International opinion about the US has often changed with different executive administrations. For example, in 2009, the French public favored the United States when President Barack Obama (75% favorable) replaced President George W. Bush (42%). After President Donald Trump took the helm in 2017, French public opinion about the US fell from 63% to 46%. These trends were also seen in other European countries. According to the 2025 Pew report, trust in the US president in high-income countries has fallen from 53% in 2024, when US President Joe Biden was in power, to 22% after Trump returned to the White House.

Many democracies have voluntary military ties with the United States. See NATO, ANZUS, U.S.-Japan Security Treaty, Mutual Defense Treaty with South Korea, and Major non-NATO ally. Those nations with military alliances with the U.S. can spend less on the military since they can count on U.S. protection. This may give a false impression that the U.S. is less peaceful than those nations. A 2013 global poll in 65 countries found that the United States is perceived as the biggest threat to world peace, with 24% of respondents identifying it as such.
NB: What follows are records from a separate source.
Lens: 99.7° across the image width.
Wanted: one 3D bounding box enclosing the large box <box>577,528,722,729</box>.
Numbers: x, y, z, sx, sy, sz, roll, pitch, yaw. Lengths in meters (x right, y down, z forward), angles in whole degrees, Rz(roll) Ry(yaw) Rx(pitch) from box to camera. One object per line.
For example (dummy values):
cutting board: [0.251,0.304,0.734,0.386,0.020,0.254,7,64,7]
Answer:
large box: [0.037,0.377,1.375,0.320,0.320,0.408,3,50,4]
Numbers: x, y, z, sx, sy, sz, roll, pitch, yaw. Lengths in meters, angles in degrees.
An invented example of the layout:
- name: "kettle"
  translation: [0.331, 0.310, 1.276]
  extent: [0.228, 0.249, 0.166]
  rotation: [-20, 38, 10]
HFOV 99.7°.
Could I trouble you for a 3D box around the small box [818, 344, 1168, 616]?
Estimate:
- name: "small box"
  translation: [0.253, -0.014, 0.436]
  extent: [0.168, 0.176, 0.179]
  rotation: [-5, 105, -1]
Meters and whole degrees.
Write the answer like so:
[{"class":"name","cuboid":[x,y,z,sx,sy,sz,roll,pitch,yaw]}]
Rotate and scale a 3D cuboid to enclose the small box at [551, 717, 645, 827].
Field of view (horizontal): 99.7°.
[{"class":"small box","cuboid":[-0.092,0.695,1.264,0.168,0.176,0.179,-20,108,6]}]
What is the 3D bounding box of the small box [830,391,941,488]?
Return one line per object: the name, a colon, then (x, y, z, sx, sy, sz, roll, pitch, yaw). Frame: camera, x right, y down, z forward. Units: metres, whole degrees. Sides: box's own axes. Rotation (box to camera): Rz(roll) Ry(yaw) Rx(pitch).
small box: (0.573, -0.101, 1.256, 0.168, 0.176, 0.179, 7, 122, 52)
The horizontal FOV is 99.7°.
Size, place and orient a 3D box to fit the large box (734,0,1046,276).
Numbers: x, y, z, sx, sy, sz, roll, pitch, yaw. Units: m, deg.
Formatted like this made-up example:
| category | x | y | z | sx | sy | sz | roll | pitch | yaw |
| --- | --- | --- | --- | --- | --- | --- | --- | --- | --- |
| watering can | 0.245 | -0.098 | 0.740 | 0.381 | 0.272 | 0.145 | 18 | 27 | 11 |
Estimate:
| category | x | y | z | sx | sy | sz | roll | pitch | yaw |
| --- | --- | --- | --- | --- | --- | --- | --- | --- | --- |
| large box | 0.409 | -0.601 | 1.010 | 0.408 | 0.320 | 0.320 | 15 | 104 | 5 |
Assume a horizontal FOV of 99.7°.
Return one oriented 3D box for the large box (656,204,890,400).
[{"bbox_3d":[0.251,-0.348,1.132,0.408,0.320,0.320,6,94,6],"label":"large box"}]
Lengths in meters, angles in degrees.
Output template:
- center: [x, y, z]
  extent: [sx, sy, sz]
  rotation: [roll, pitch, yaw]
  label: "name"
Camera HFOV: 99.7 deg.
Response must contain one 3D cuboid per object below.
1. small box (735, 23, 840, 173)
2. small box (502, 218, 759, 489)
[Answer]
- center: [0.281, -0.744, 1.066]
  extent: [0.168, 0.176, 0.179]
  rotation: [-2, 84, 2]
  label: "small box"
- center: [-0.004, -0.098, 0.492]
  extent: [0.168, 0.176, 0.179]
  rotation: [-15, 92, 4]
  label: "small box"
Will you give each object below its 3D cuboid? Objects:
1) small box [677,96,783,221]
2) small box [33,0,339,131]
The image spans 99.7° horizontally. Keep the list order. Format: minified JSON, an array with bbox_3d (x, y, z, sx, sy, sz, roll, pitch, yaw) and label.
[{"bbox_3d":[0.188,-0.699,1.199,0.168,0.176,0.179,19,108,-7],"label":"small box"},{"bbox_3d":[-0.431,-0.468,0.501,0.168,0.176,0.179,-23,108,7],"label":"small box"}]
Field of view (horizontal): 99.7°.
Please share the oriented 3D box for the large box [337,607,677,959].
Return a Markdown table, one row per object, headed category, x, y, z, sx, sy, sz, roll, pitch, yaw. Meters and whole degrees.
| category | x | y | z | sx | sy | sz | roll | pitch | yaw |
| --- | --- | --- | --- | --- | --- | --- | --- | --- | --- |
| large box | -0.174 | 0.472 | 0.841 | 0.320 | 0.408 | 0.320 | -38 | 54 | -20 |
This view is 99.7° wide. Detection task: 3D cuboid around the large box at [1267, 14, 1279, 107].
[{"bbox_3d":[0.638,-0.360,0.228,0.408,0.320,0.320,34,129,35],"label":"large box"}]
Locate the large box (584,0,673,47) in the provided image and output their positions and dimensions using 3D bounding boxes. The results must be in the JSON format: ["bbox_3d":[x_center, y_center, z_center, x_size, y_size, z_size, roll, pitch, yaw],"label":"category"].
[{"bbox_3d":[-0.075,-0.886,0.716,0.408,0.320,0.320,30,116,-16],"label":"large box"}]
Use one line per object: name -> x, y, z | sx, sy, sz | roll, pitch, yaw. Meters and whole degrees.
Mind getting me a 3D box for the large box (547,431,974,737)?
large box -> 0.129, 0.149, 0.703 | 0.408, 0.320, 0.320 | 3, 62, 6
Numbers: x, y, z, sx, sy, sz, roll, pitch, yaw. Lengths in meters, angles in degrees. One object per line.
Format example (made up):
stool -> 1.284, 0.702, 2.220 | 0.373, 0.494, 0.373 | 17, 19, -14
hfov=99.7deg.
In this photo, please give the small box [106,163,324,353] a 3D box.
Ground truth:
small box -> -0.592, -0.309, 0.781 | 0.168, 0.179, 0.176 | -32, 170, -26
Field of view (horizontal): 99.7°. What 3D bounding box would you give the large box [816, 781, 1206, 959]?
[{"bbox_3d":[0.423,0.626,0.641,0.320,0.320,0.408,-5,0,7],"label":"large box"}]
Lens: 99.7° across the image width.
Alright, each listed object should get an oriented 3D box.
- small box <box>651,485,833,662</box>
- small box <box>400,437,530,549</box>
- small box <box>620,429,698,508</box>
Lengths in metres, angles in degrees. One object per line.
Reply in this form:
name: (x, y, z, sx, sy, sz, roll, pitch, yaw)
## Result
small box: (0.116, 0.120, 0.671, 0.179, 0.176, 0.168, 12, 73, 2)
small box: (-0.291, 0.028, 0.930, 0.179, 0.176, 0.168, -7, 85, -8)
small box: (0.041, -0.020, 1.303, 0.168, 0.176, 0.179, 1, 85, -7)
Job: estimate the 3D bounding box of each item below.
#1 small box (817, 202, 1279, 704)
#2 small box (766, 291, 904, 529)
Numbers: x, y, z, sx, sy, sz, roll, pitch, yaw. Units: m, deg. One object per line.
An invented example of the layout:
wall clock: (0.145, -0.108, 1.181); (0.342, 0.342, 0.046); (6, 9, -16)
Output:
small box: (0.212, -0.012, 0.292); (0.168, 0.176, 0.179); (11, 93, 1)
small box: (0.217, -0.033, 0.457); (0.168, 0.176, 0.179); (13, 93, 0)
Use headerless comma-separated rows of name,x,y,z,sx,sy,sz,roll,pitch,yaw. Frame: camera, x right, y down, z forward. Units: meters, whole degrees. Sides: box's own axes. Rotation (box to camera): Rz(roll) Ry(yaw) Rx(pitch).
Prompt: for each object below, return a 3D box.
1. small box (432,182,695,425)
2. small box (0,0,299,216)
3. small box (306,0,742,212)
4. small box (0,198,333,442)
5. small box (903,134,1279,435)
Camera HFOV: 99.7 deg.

A majority of Russian respondents named the United States as the greatest threat, as well as significant minorities in China, Bosnia and Herzegovina, Argentina, Greece, Turkey, and Pakistan. A 2025 Pew survey in 24 countries, including 10 European countries, found that the share of respondents who have a positive view of the United States had declined in most of them compared to 2024. According to a 2025 Pew survey conducted in 25 countries, only 35% of respondents had a positive view of the United States, down from 51% in 2024.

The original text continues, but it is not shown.